[NetBehaviour] Kiev, Architectural Landmarks and Art Museums
Alan Sondheim
sondheim at panix.com
Thu Apr 7 22:38:02 CEST 2022
Kiev, Architectural Landmarks and Art Museums
Aurora Art Publishers, Leningrad, 1987
Printed and bound in the USSR
http://www.alansondheim.org/Kiev1.jpg
http://www.alansondheim.org/Kiev2.jpg
http://www.alansondheim.org/Kiev3.jpg
http://www.alansondheim.org/Kiev4.jpg
P. 16: "In 1934, Kiev became the capital of the Soviet Ukraine,
which triggered a period of intensive construction." "The
realization of these plans was interrupted by the Great
Patriotic War (1941--45). Immeasurable destruction was caused to
Kiev by the Nazi occupation forces. More than 195 thousand
people, inhabitants of Kiev and Soviet Army soldiers and
officers, were either brutally murdered at Baby Yar or tortured
in the concentration camps at Darnitsa and Syrets."

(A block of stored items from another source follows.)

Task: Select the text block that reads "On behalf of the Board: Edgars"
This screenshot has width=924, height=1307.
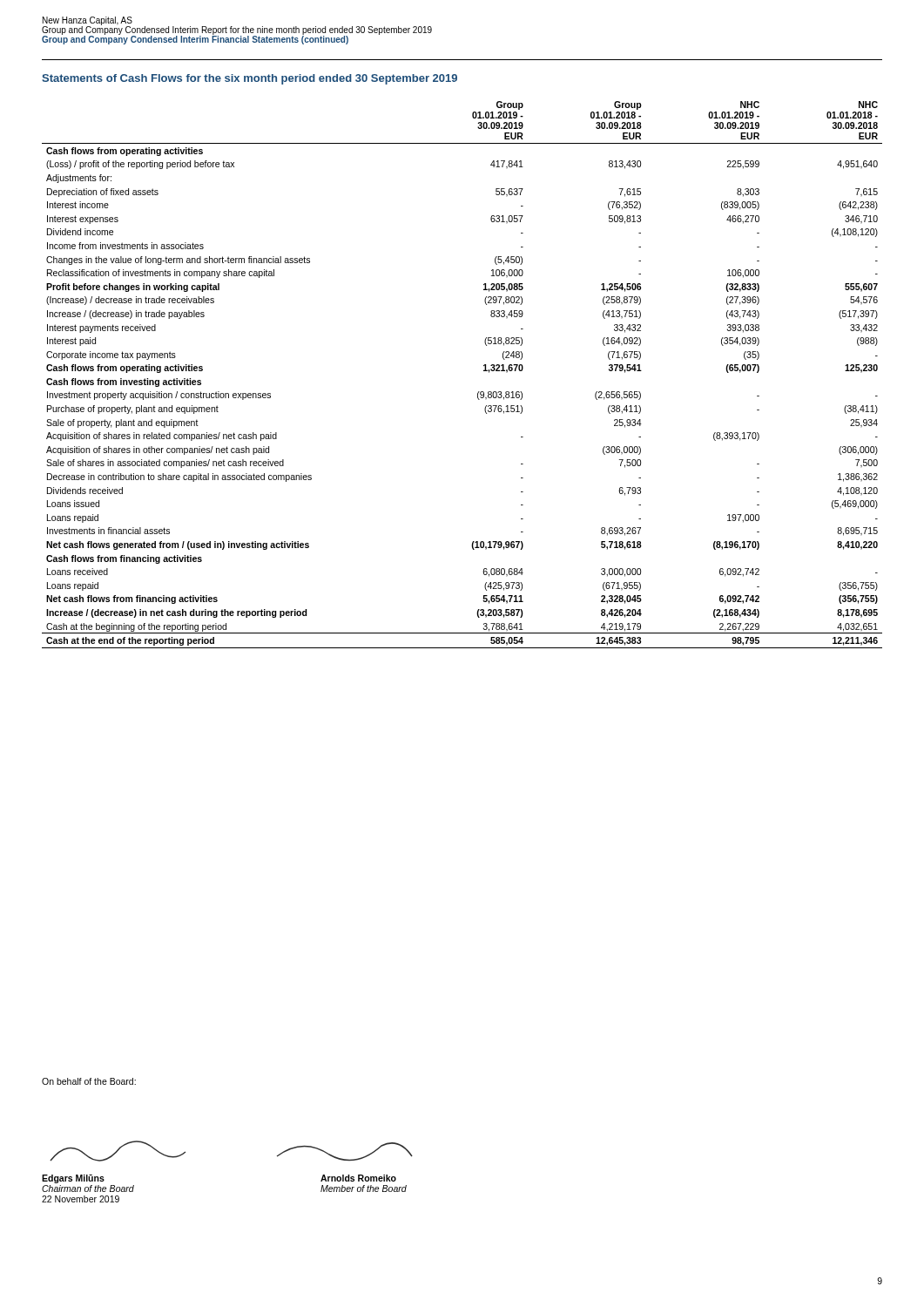Action: tap(89, 1081)
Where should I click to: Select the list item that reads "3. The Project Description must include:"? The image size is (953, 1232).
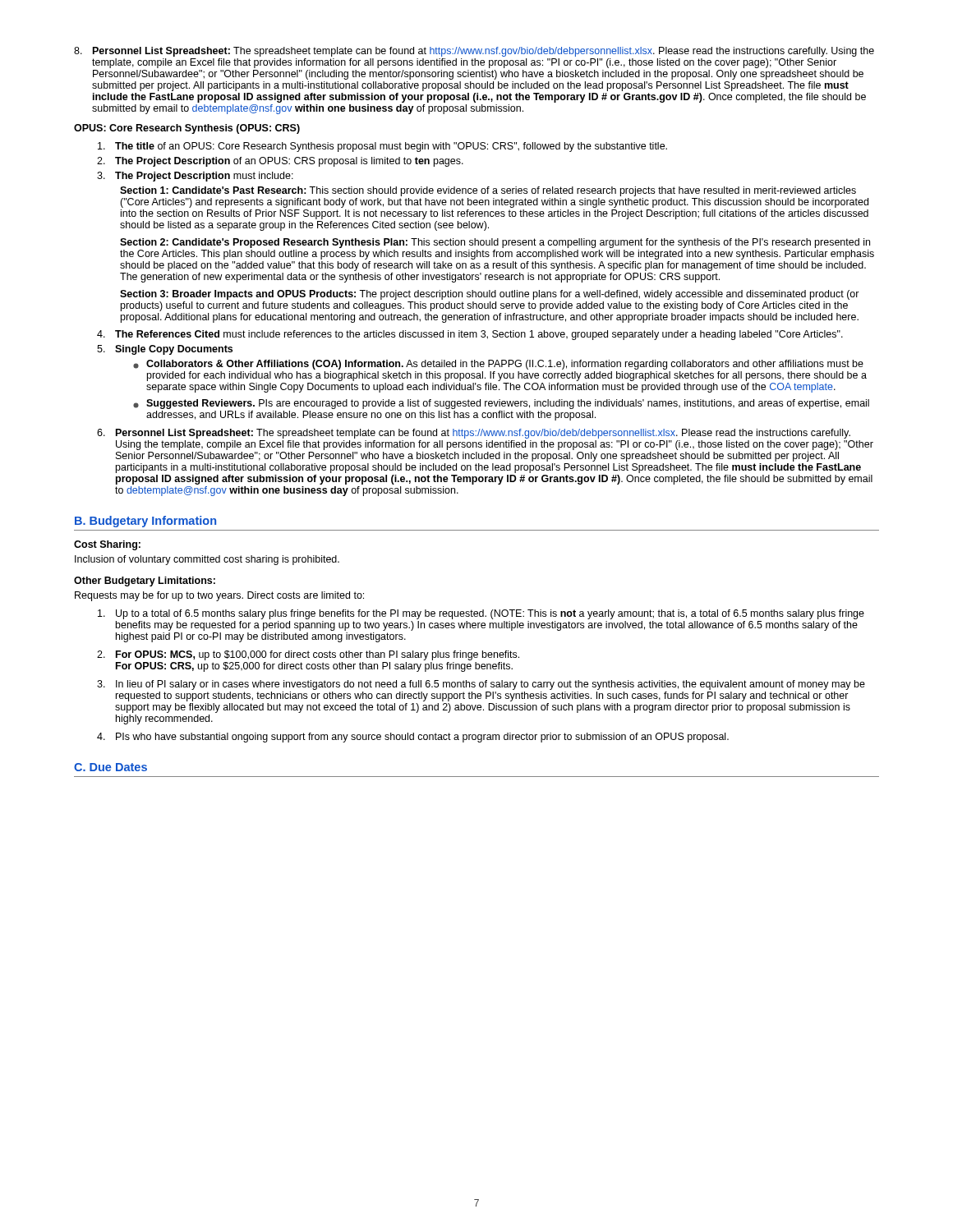[488, 176]
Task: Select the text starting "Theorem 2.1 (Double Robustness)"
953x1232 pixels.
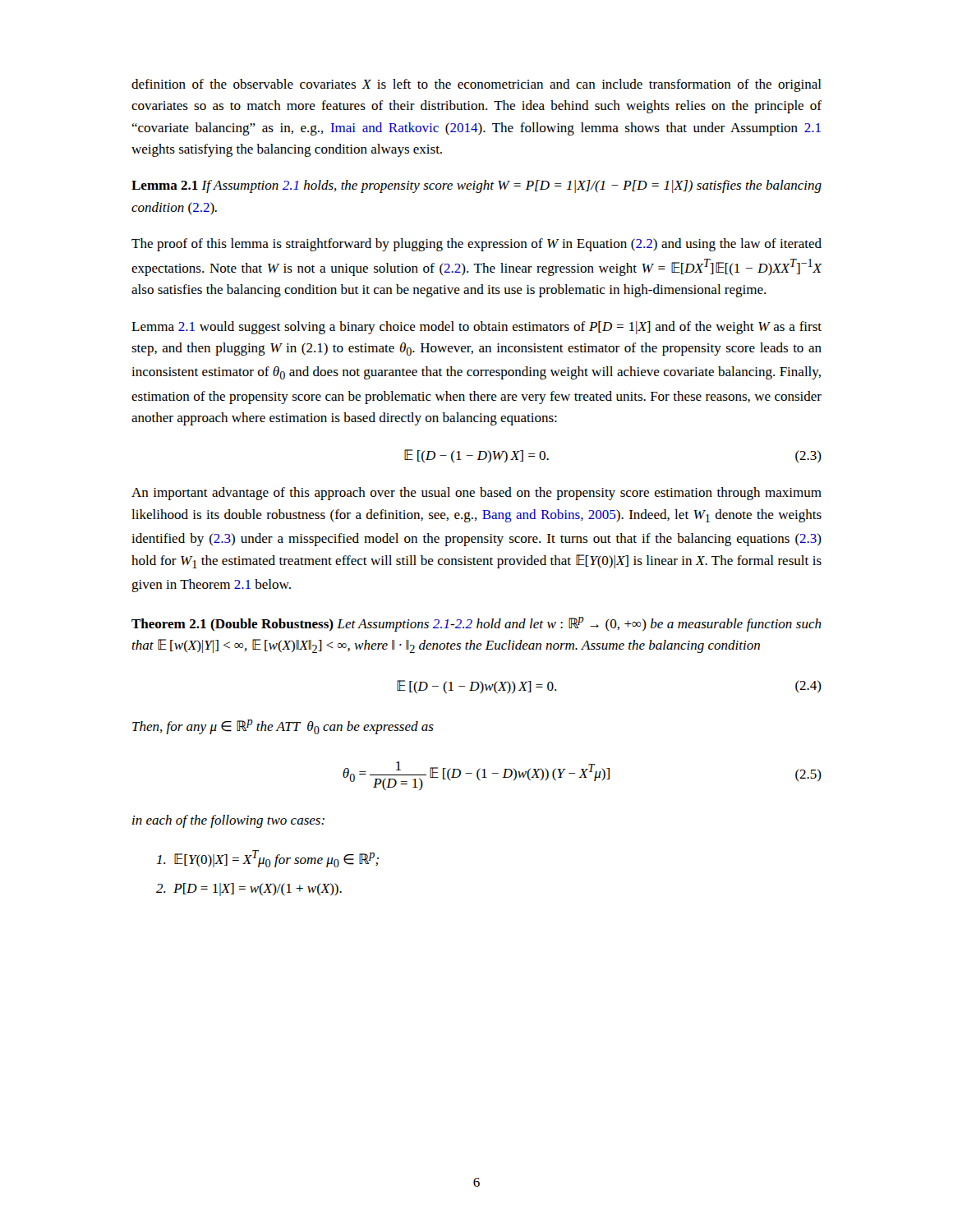Action: [476, 634]
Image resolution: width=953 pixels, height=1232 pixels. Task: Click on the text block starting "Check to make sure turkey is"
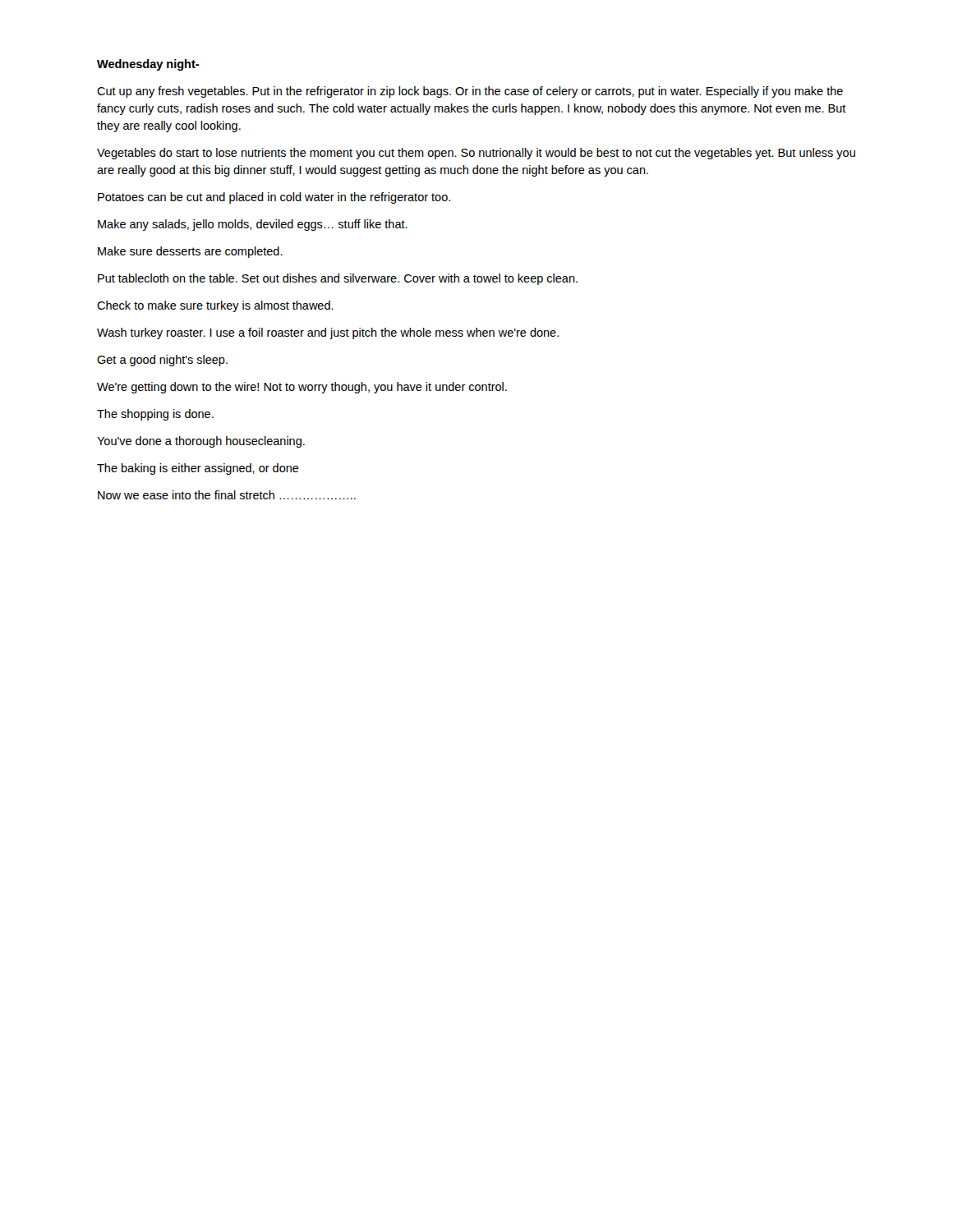click(215, 306)

Note: Not a mention of the Jews. The same occurs in the entry on
Darnitsa.
Kiev is transformed into a heroic Soviet. For example p. 17:
"In 1945, construction began on another city thoroughfare, the
Druzhby Narodov (International Boulevard)" ... On the same page
there is also mention of the "Park of Eternal Glory."
The map on pp. 50-51 includes "The Museum of Russian Art,"
"Monument of Lenin," "Monument to the October Revolution,"
"October Palace of Culture," "Branch of the Central Lenin
Museum," and "Monument dedicated to the reunion of Russia and
the Ukraine."
On p. 63, photograph of "Statue of Lenin." On p. 66, photograph
of the enormous "October Revolution Square." On p. 71,
photograph of an enormous "Monument dedicated to the reunion of
Russia and the Ukraine." On p. 79, map including "Monument to
the Insurgent Arsenal Workers." On p. 80, "a monument to Grigory
Petrovsky (1878-1958), A Soviet statesman," from 1970. This is
also enormous. On p. 82, a photograph of the "Supreme Soviet of
the Ukrainian SSR and the Mariinsky Palace." Again enormous.
In a central park, there is the "monument to the hero of the
Great Patriotic War, liberator of Kiev, The Hero of the Soviet
Union, General Nikolai Vatutin." Yes, it's enormous. P. 86,
there's the "Palace of Young Pioneers and Schoolchildren." P.
87, "A straight avenue bordered by pollarded hornbeams leads to
the graves of the heroes of the Great Patriotic War."
An enormous enormous statue seems to sit atop the "Ukrainian
Museum of the History of the Great Patriotic War (1941-1945),"
p. 116.
On page 135, a photograph of the large "Memorial to Soviet
Citizens, soldiers, and officers, prisoners of war, brutally
killed by the Nazis at Baby Yar in 1941-1943.
On pp. 136-137, a photograph of the "Moscow Bridge." P. 145,
"Exhibition of Economic Achievements of the Ukrainian SSR."
On p. 153, "A second monument - two figures of Soviet Army
soldiers cast in bronze, not broken in the face of death - was
placed in the square of the Darnitsa Railway Station in 1970."
There's Leo Tolstoy Street, Lenin Street, Engels Street. The
Soviet architecture is monumental, blank, in a hyperbolic or
brutalist style. It seems to be everywhere.
Again, apparently no Jews died at Babi Yar (the spelling varies
in the book), even though at least 33,771 were buried there. No
Jews lived in Kiev. No Jews lived anywhere.